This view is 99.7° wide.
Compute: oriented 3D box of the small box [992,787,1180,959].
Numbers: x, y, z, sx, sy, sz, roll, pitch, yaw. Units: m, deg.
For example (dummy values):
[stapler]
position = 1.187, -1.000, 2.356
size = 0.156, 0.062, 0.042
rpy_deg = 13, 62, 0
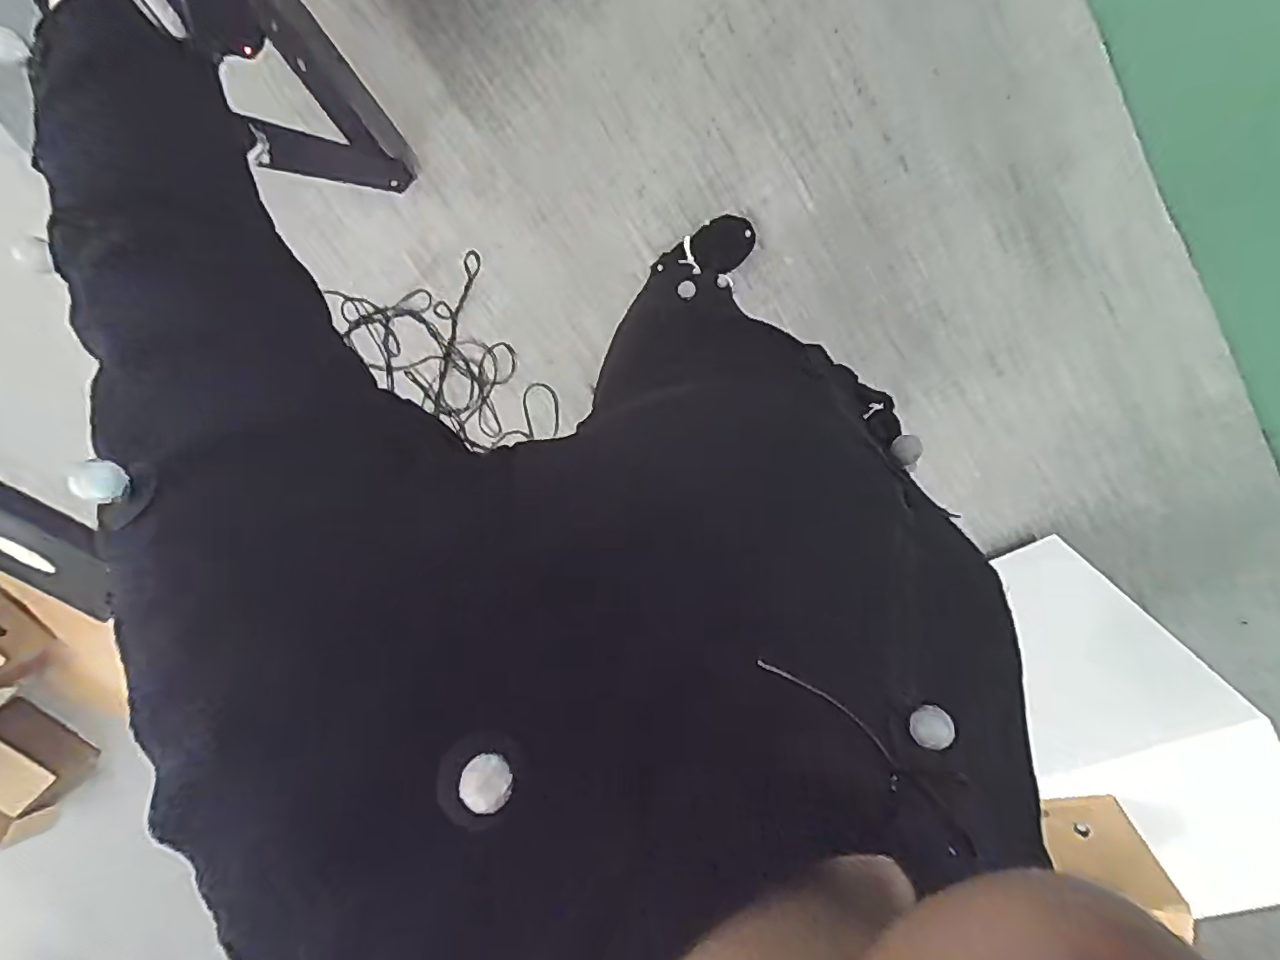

**Exercise aim:** Once the pictures are removed, print all the remaining data exactly as it stands.

**Problem solution:**
This view is 99.7° wide.
Compute: oriented 3D box of the small box [992,787,1180,959].
Numbers: x, y, z, sx, sy, sz, roll, pitch, yaw. Units: m, deg.
For example (dummy values):
[stapler]
position = 1.187, -1.000, 2.356
size = 0.156, 0.062, 0.042
rpy_deg = 13, 62, 0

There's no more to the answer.